Thank you for exploring my notebook. Please take a moment to upvote my notebook. Your support motivates me to keep improving and sharing valuable insights.😊

# Import Libraries

In [None]:
# import all the libraries
import numpy as np
import pandas as pd
import seaborn as sns
import matplotlib.pyplot as plt
import plotly.express as px

# Read the Dataset

In [None]:
# Read the dataset
dataframe=pd.read_csv("/kaggle/input/lettuce-growth-days/lettuce_dataset.csv",encoding='latin-1')
dataframe.head(10)

In [None]:
dataframe.tail(10)

In [None]:
# shape of the dataset
dataframe.shape

In [None]:
# check the datatype of the dataset
dataframe.info()

In [None]:
# description of dataset in terms of statistics
dataframe.describe()

In [None]:
# To check Is there any null values in the dataset
dataframe.isna().sum()

> Here we notice that there is no null values in the dataset

In [None]:
# To check the duplicate values in the dataset
dataframe.duplicated().sum()

> There is no duplicate value in the dataset

In [None]:
dataframe['Date'] = pd.to_datetime(dataframe['Date'])

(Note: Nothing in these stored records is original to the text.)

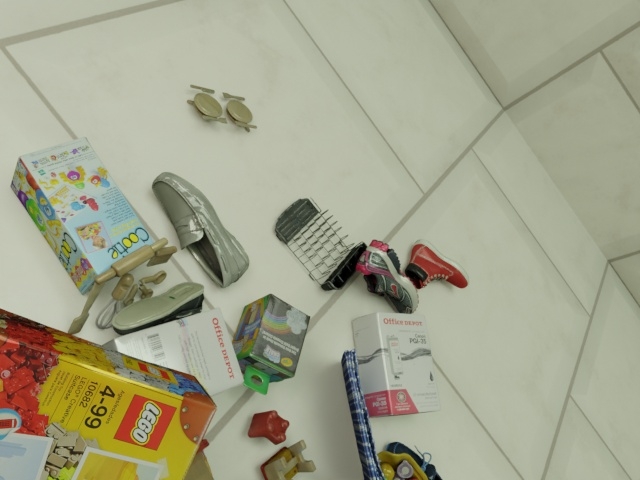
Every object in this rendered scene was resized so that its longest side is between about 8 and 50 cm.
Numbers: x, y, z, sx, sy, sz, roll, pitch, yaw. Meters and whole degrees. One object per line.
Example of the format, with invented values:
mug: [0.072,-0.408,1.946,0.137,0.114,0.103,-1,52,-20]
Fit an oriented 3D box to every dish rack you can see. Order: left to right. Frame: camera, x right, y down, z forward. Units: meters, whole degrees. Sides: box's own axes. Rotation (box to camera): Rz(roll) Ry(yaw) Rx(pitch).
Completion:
dish rack: [0.000,0.000,1.479,0.272,0.074,0.208,50,47,-8]

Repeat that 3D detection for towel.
towel: [0.104,0.451,1.249,0.040,0.243,0.336,-10,70,-5]

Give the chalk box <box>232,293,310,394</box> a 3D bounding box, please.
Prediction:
chalk box: [-0.134,0.262,1.213,0.132,0.132,0.213,34,53,-23]

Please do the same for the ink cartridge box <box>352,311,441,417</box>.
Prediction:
ink cartridge box: [0.217,0.357,1.453,0.207,0.117,0.283,9,65,-35]

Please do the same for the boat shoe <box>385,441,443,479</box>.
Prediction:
boat shoe: [0.290,0.645,1.395,0.258,0.089,0.109,42,50,-16]

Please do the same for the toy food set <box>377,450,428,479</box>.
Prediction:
toy food set: [0.218,0.650,1.301,0.218,0.128,0.071,50,13,-6]

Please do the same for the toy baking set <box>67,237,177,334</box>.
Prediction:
toy baking set: [-0.401,0.099,1.041,0.030,0.197,0.256,39,47,17]

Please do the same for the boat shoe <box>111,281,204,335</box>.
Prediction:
boat shoe: [-0.348,0.163,1.104,0.233,0.083,0.079,-23,127,-54]

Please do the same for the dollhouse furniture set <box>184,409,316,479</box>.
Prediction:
dollhouse furniture set: [-0.198,0.497,1.069,0.374,0.152,0.202,-12,77,-59]

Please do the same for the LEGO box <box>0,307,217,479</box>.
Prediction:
LEGO box: [-0.442,0.396,0.734,0.372,0.193,0.501,28,81,-24]

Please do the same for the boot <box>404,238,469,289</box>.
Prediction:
boot: [0.400,0.131,1.729,0.244,0.088,0.176,35,52,-10]

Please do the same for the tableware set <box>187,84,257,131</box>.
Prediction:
tableware set: [-0.284,-0.373,1.454,0.194,0.039,0.128,0,58,-44]

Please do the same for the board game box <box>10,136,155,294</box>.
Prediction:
board game box: [-0.501,-0.051,1.059,0.144,0.142,0.275,-34,92,-43]

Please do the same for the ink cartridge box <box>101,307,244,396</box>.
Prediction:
ink cartridge box: [-0.315,0.264,1.041,0.232,0.168,0.171,-11,79,-40]

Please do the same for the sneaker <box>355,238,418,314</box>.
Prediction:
sneaker: [0.198,0.132,1.532,0.112,0.120,0.299,-48,124,-19]

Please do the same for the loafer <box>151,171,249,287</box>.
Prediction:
loafer: [-0.303,-0.025,1.226,0.319,0.112,0.111,50,40,-9]
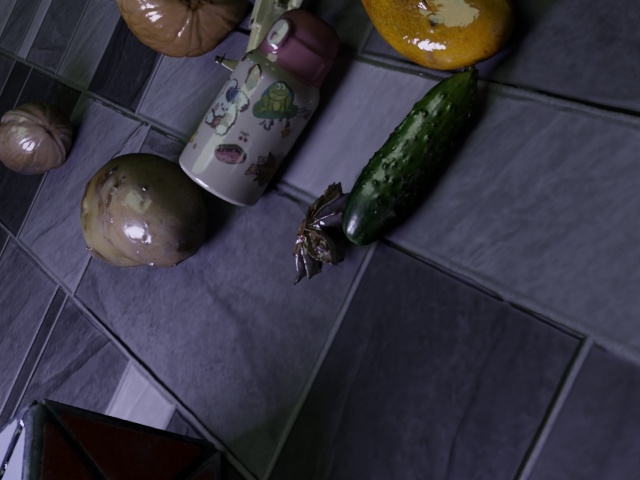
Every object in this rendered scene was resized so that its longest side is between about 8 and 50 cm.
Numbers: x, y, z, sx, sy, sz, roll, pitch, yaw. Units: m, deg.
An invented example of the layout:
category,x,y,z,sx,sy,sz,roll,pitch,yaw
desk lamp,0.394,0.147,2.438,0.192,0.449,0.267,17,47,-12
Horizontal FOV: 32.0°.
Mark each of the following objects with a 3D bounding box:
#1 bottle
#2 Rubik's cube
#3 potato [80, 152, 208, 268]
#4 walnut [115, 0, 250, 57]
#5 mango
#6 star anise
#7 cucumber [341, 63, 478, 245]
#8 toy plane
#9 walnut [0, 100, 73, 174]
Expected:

# Lets visualize the Correlation Matrix

In [None]:
plt.figure(figsize=(5,5))
sns.heatmap(dataframe.corr(), annot=True, cmap="Reds", fmt=".2f")
plt.show()

> 1. Here we notice that Growth Days and Date have a correltion equal to 1, whereas PH value has a correlation equal to 0 with Growth days.
2.Temperature and Humidity has a correlation with value of 0.03

# Exploratory Data Analysis

# Univariate Analysis
> Univariate Analysis is a type of analysis which consider only one variable at a time to see the data distribution.

In [None]:
# Data distribution of Temperature Column
sns.histplot(data=dataframe, x=dataframe["Temperature (°C)"], kde=True, color="blue")

In [None]:
# Data distribution of Humidity Column
sns.histplot(data=dataframe, x=dataframe["Humidity (%)"], kde=True, color="red")

In [None]:
# Data distribution of Total Dissolved Solids value
sns.histplot(data=dataframe, x=dataframe["TDS Value (ppm)"], kde=True, color="green")

In [None]:
# Data distribution of Growth Days
sns.histplot(data=dataframe, x=dataframe["Growth Days"], kde=True, color="brown")

In [None]:
# Data Distribution of PH value
sns.histplot(data=dataframe, x=dataframe["pH Level"], kde=True, color="purple")

In [None]:
# Distribution of Date column by Month Wise
sns.countplot(data=dataframe, x=dataframe["Date"].dt.month.map({8:"August", 9:"September"}),color="brown")

# Bivariate Analysis
> Bivariate Analysis is a type of analysis which consider two variable at a time to see the data distribution.

In [None]:
# Data Distribution of Growth Days vs Temperature
fig = px.scatter(dataframe, x="Temperature (°C)", y="Growth Days", marginal_x="histogram", marginal_y="histogram",title="Growth Days Vs Temperature", color_discrete_sequence=["red"])
fig.show()

> # Here we see that most of the lettuce grown in the temperature range of 18 to 25 Degree celsius, and we only see the small portion of datapoints lies in the temperature range from 29 to 34, which means that lettuce plant could not bear the high temperature.

In [None]:
# Data Distribution of Growth Days vs PH value
fig = px.box(dataframe, x="pH Level", y="Growth Days",title="Growth Days Vs pH Level", color_discrete_sequence=["blue"])
fig.show()

> # Here we can see that the differnt PH Level has almost no impact on the Growth of lettuce, the growth is almost same at different PH Level.

In [None]:
# Data Distribution of Growth Days vs Total Dissolved Solids value in parts per million
fig = px.scatter(dataframe, x="TDS Value (ppm)", y="Growth Days", marginal_x="histogram", marginal_y="histogram",title="Growth Days Vs TDS Value (ppm)", color_discrete_sequence=["green"])
fig.show()

In [None]:
# Data Distribution of Growth Days vs Humidity
fig = px.box(dataframe, x="Humidity (%)", y="Growth Days",title="Growth Days Vs Humidity (%)", color_discrete_sequence=["black"])
fig.show()

> # Here we analyse the little impact of the Humidity on Lettuce Growth days.

In [None]:
# Data Distribution of Growth Days vs Date
fig = px.scatter(dataframe, x="Date", y="Growth Days", marginal_x="histogram", marginal_y="histogram",title="Growth Days Vs Date", color_discrete_sequence=["purple"])
fig.show()

> # Here we can observe that as the date passes the lettuce growth growth rate increases, and both Date and Growth days shows the perfectly positive correlation.